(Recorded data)
-------------------------

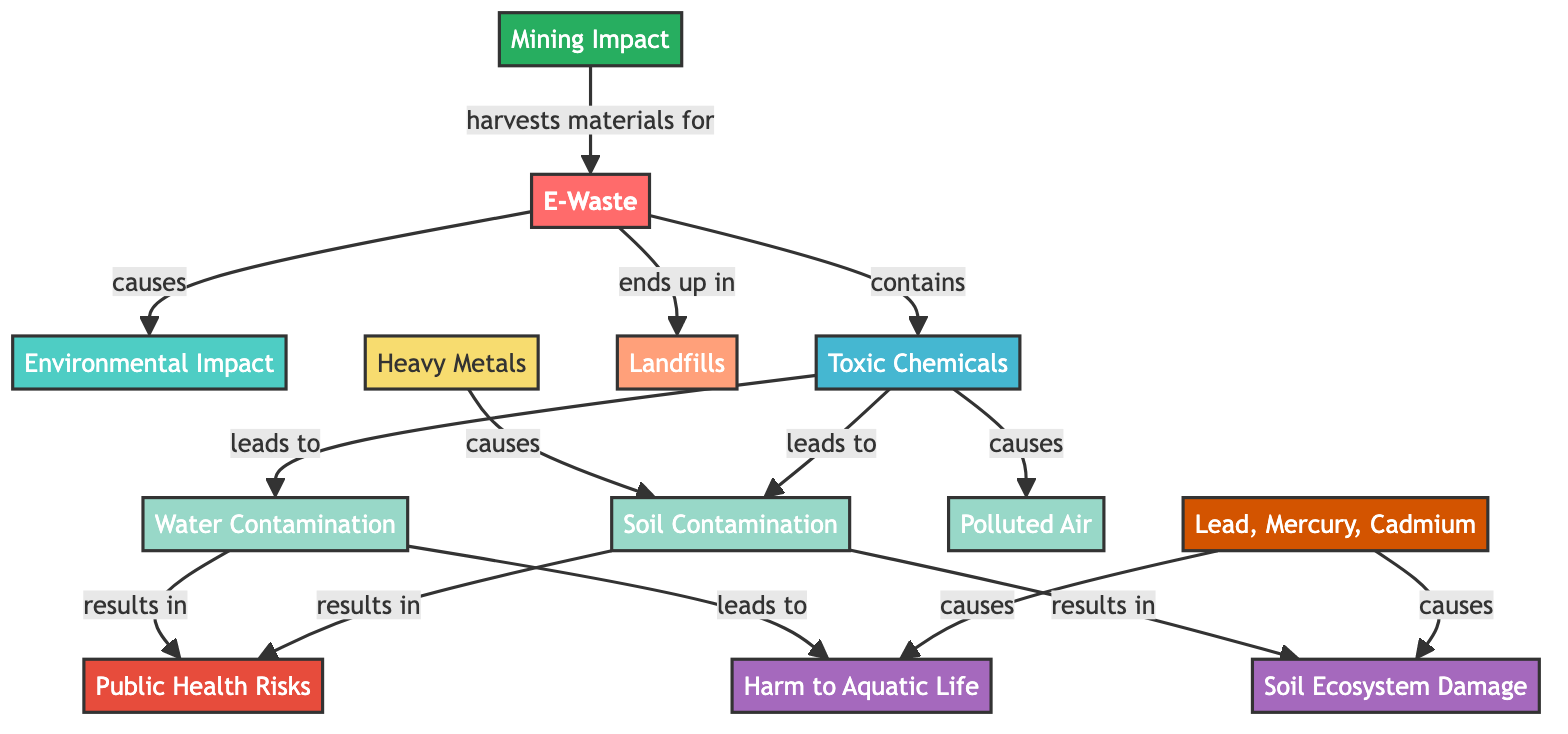What is the main subject of this diagram? The main subject highlighted in the diagram is titled "E-Waste." It is the starting point or primary focus that leads to various consequences outlined in the diagram.
Answer: E-Waste How many types of environmental impacts are shown? The diagram presents three types of environmental impacts resulting from e-waste, which are soil contamination, water contamination, and polluted air. By counting the result nodes connected to toxic chemicals, we find three distinct impacts.
Answer: 3 What toxic chemicals are specifically mentioned in the diagram? The diagram specifies three toxic chemicals: Lead, Mercury, and Cadmium. These chemicals are listed as a direct result of e-waste.
Answer: Lead, Mercury, Cadmium Which component leads to soil contamination? The component causing soil contamination is Heavy Metals. In the flow of the diagram, it connects directly to soil contamination, marking its influence on environmental degradation.
Answer: Heavy Metals What is the ultimate public health risk associated with contaminated soil or water? Contaminated soil or water leads to "Public Health Risks," as indicated in the diagram. Both soil and water contamination directly result in increased risks to public health, making it a critical concern.
Answer: Public Health Risks How does mining relate to e-waste? Mining is described as the activity that harvests materials for e-waste. This is indicated in the diagram, where mining is an origin that supplies raw materials for electronic devices, thus linking the two elements together.
Answer: Harvests materials for Which two outcomes stem from soil contamination? The two outcomes stemming from soil contamination are "Soil Ecosystem Damage" and "Public Health Risks." Following the connections in the diagram, these are the outcomes linked to soil contamination.
Answer: Soil Ecosystem Damage, Public Health Risks What does water contamination lead to regarding aquatic life? Water contamination leads to "Harm to Aquatic Life." The diagram shows a direct connection where water contamination impacts aquatic ecosystems negatively.
Answer: Harm to Aquatic Life Which type of destination is most commonly associated with e-waste? The destination most commonly associated with e-waste is "Landfills." This destination is specifically noted as the end point where e-waste is often disposed of, highlighting a significant environmental concern.
Answer: Landfills What is the relationship between toxic chemicals and polluted air? The relationship is that toxic chemicals lead to polluted air. In analyzing the flow, toxic chemicals are indicated to have a direct causative effect on the quality of air, marking a detrimental environmental consequence.
Answer: Leads to 
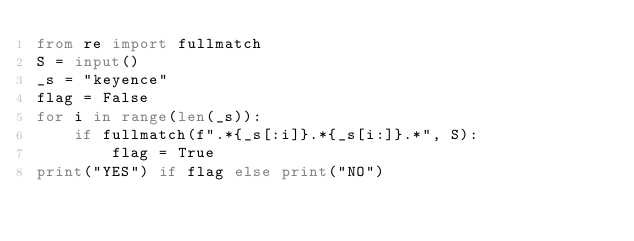Convert code to text. <code><loc_0><loc_0><loc_500><loc_500><_Python_>from re import fullmatch
S = input()
_s = "keyence"
flag = False
for i in range(len(_s)):
    if fullmatch(f".*{_s[:i]}.*{_s[i:]}.*", S):
        flag = True
print("YES") if flag else print("NO")
</code> 
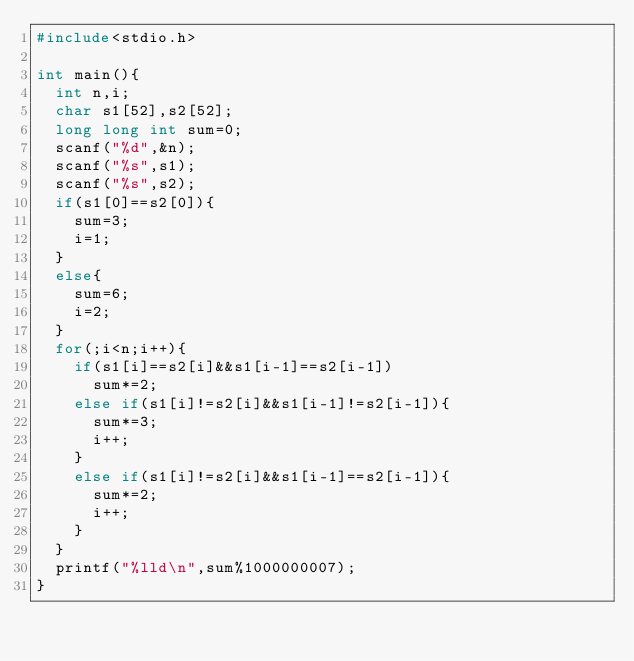<code> <loc_0><loc_0><loc_500><loc_500><_C_>#include<stdio.h>

int main(){
  int n,i;
  char s1[52],s2[52];
  long long int sum=0;
  scanf("%d",&n);
  scanf("%s",s1);
  scanf("%s",s2);
  if(s1[0]==s2[0]){
    sum=3;
    i=1;
  }
  else{
    sum=6;
    i=2;
  }
  for(;i<n;i++){
    if(s1[i]==s2[i]&&s1[i-1]==s2[i-1])
      sum*=2;
    else if(s1[i]!=s2[i]&&s1[i-1]!=s2[i-1]){
      sum*=3;
      i++;
    }
    else if(s1[i]!=s2[i]&&s1[i-1]==s2[i-1]){
      sum*=2;
      i++;
    }
  }
  printf("%lld\n",sum%1000000007);
}</code> 
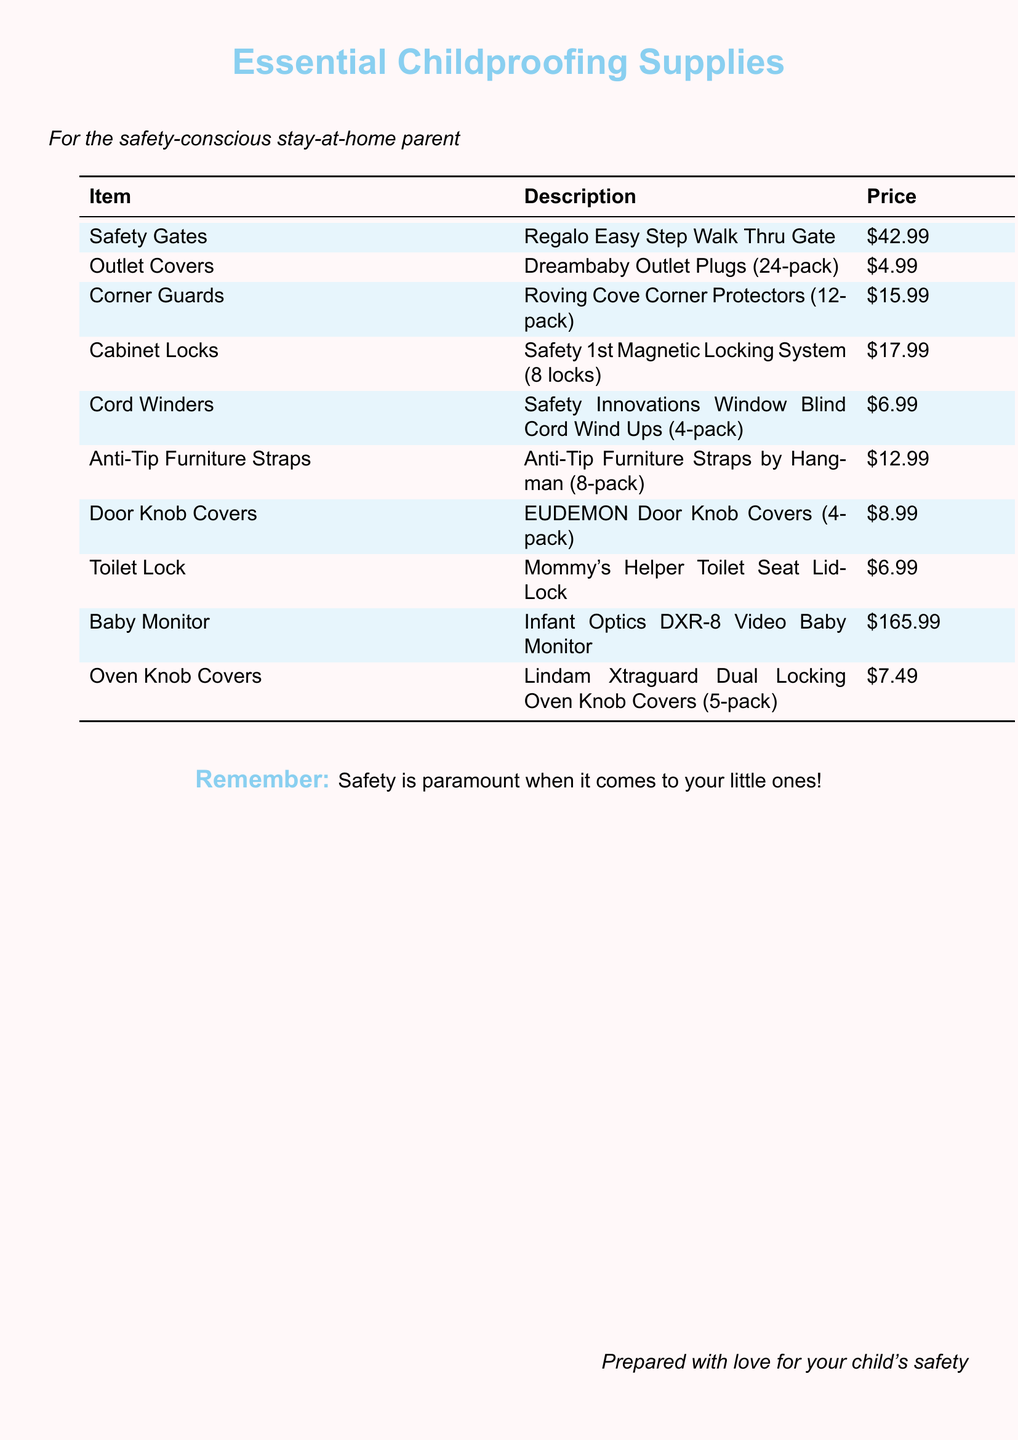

-------------------------

Check every line of the entries for the string "specifically". Give only the number of lines that hold it.

• _SOLUTION_
2